Data entries »
------------------------------------

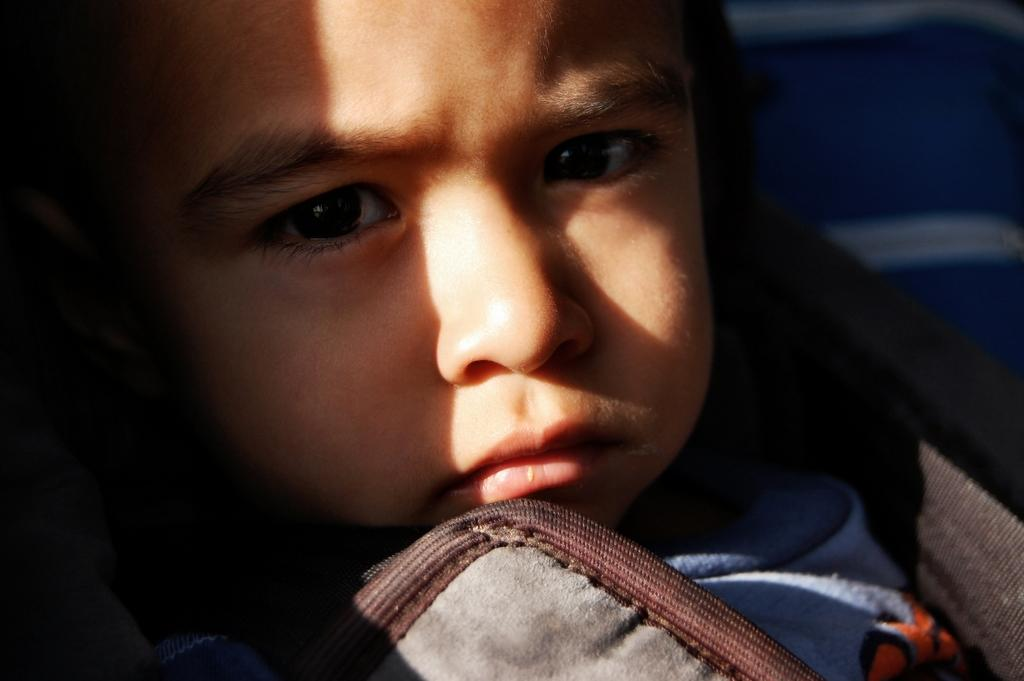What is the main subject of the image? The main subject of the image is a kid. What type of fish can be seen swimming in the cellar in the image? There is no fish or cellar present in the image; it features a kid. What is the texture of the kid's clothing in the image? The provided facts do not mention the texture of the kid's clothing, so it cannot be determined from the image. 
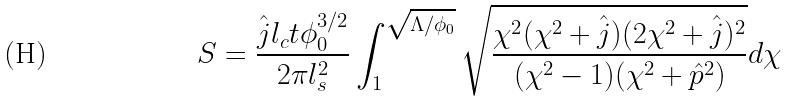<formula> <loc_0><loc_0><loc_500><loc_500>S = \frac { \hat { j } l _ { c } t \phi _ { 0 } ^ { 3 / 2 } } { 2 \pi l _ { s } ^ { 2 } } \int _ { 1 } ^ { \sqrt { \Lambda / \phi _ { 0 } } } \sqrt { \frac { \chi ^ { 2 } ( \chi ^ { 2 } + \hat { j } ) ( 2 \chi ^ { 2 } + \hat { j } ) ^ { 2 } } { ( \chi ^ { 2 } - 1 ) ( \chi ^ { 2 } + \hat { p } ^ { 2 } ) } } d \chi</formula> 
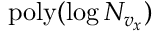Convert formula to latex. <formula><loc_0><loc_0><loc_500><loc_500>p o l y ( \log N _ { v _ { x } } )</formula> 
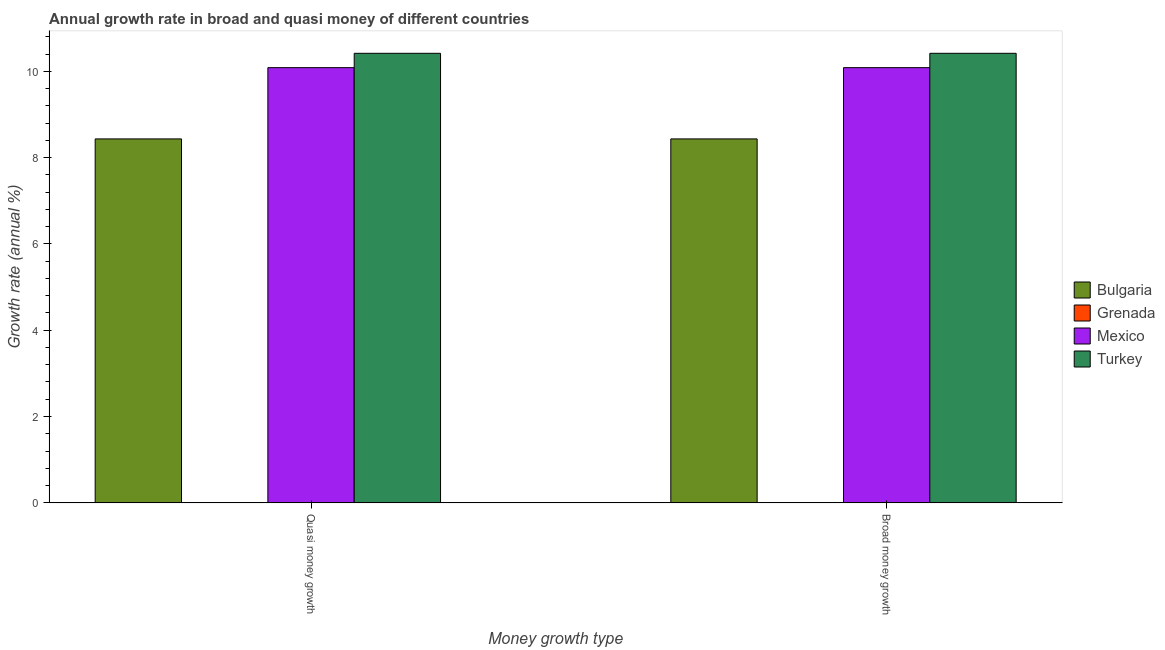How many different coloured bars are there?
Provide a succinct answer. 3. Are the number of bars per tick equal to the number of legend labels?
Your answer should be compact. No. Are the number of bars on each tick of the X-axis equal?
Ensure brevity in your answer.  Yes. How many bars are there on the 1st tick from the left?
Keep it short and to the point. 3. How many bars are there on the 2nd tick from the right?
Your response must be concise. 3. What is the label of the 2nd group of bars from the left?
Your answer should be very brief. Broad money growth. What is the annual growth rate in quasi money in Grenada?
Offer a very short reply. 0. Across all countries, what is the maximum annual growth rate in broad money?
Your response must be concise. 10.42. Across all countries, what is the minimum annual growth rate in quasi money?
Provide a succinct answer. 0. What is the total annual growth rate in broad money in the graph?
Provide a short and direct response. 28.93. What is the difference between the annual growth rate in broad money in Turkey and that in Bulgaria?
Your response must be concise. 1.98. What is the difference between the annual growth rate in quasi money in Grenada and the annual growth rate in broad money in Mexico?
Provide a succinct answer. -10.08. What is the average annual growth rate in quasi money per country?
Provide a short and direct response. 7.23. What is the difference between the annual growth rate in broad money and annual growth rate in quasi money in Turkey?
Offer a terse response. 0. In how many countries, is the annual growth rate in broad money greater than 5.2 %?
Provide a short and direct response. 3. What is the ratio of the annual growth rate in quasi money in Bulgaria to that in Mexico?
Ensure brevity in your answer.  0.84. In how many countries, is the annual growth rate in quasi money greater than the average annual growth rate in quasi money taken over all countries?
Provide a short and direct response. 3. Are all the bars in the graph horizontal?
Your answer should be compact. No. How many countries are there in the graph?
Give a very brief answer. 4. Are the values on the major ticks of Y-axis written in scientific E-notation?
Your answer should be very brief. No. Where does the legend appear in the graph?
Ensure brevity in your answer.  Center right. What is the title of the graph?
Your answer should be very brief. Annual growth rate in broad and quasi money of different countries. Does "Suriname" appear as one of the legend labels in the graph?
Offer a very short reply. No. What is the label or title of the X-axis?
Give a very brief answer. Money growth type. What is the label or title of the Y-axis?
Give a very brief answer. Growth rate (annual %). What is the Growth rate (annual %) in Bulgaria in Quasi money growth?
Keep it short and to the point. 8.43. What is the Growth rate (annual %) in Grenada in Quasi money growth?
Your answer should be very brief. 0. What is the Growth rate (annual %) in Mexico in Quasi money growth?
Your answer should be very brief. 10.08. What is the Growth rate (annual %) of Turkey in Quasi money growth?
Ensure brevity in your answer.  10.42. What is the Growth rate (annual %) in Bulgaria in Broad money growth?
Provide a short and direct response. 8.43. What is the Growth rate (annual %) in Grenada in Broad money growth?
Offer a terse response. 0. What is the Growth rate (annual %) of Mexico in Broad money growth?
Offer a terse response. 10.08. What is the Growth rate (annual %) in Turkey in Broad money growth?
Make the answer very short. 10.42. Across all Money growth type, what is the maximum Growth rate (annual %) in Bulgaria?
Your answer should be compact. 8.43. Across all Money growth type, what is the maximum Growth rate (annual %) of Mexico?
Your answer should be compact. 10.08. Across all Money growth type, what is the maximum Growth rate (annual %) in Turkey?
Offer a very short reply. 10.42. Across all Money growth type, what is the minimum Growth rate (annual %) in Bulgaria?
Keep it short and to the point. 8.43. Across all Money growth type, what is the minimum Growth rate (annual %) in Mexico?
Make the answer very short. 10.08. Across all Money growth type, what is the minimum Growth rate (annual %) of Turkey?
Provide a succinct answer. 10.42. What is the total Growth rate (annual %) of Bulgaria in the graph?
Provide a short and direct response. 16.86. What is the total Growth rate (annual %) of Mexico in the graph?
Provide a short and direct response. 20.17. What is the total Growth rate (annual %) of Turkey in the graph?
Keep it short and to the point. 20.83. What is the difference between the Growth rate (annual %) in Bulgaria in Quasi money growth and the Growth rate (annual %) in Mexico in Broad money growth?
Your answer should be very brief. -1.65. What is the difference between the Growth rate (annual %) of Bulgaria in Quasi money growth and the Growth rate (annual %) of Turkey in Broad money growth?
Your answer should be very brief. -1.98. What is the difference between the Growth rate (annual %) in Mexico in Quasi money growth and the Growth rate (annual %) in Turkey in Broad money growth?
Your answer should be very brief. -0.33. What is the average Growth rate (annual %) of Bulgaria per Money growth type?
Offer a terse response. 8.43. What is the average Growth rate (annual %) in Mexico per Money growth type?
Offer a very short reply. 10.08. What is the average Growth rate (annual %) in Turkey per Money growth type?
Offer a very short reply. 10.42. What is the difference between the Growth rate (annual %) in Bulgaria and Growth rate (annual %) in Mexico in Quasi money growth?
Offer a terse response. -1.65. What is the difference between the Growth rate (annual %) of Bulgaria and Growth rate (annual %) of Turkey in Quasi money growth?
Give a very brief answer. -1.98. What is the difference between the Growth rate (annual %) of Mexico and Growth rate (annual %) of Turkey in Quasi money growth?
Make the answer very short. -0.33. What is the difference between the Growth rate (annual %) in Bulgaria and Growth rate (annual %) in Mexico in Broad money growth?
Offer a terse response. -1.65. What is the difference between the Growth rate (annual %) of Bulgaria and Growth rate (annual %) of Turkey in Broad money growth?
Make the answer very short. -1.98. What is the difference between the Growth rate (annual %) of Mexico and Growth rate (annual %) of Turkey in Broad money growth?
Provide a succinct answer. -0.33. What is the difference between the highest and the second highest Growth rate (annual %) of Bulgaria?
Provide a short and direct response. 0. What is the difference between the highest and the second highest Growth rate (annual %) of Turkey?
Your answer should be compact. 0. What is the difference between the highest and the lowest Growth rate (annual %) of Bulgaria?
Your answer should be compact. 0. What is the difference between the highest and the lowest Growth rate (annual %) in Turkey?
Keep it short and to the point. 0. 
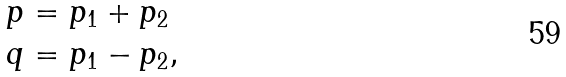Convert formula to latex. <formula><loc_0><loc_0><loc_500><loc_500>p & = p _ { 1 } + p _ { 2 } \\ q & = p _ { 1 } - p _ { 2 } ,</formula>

------------------------------------

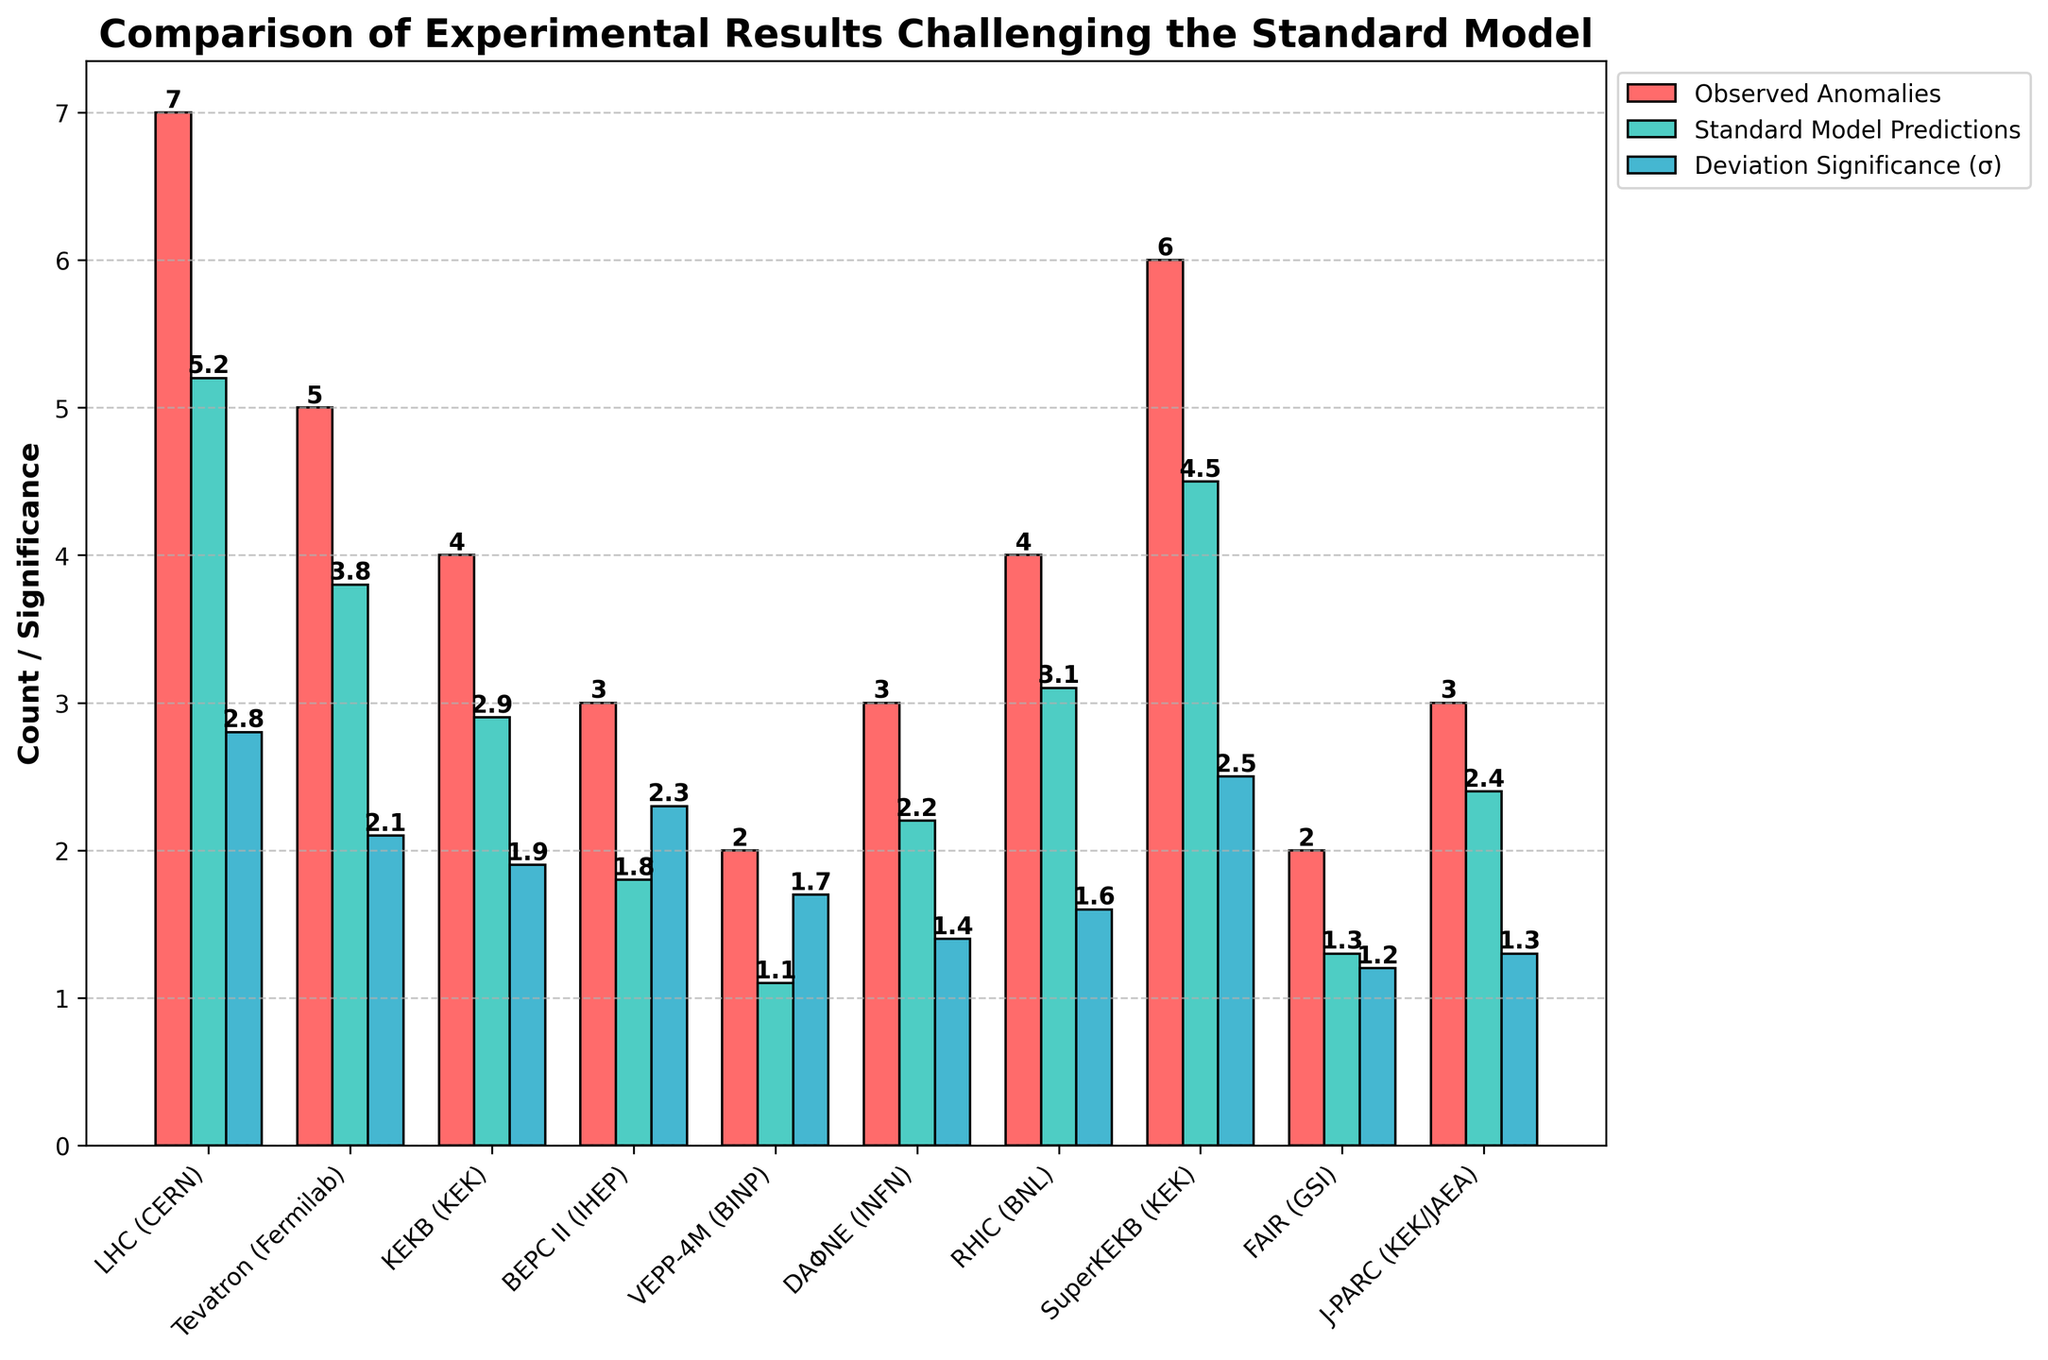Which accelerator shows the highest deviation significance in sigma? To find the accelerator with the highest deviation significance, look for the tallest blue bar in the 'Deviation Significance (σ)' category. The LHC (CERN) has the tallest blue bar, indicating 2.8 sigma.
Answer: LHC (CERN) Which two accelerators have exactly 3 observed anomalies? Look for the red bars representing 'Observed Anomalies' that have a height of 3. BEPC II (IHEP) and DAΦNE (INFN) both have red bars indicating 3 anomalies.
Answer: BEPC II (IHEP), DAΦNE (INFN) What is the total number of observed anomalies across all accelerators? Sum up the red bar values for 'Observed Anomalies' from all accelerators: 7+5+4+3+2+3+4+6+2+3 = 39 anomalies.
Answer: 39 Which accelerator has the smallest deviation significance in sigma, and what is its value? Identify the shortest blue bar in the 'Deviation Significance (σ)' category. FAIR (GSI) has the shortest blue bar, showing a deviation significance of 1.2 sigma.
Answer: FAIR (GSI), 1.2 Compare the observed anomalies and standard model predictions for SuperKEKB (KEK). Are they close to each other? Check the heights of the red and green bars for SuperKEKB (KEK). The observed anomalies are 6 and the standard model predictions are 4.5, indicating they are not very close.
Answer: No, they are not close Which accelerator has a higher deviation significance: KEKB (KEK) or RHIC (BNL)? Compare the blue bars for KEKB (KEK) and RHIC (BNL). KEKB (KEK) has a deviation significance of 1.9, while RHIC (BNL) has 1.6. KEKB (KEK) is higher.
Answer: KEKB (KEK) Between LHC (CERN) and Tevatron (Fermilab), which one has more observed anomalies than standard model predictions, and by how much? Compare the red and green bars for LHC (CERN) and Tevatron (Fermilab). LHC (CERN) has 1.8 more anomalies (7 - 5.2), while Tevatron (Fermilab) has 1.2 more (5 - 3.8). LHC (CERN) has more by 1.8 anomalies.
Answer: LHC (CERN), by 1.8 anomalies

------------------------------------

WORK REQUEST » Go to the line above holding "What is the main", then copy exactly each line down to and including the one holding "Your response must be concise. 3.", leaving pictures out.

EXPECTED ANSWER »
What is the main subject of the image? The main subject of the image is a kid. What type of fish can be seen swimming in the cellar in the image? There is no fish or cellar present in the image; it features a kid. What is the texture of the kid's clothing in the image? The provided facts do not mention the texture of the kid's clothing, so it cannot be determined from the image. 
<formula> <loc_0><loc_0><loc_500><loc_500>S = \frac { \hat { j } l _ { c } t \phi _ { 0 } ^ { 3 / 2 } } { 2 \pi l _ { s } ^ { 2 } } \int _ { 1 } ^ { \sqrt { \Lambda / \phi _ { 0 } } } \sqrt { \frac { \chi ^ { 2 } ( \chi ^ { 2 } + \hat { j } ) ( 2 \chi ^ { 2 } + \hat { j } ) ^ { 2 } } { ( \chi ^ { 2 } - 1 ) ( \chi ^ { 2 } + \hat { p } ^ { 2 } ) } } d \chi</formula> 
Convert formula to latex. <formula><loc_0><loc_0><loc_500><loc_500>p o l y ( \log N _ { v _ { x } } )</formula> 
How many different coloured bars are there?
Provide a succinct answer. 3. Are the number of bars per tick equal to the number of legend labels?
Your answer should be compact. No. Are the number of bars on each tick of the X-axis equal?
Ensure brevity in your answer.  Yes. How many bars are there on the 1st tick from the left?
Keep it short and to the point. 3. How many bars are there on the 2nd tick from the right?
Your response must be concise. 3. What is the label of the 2nd group of bars from the left?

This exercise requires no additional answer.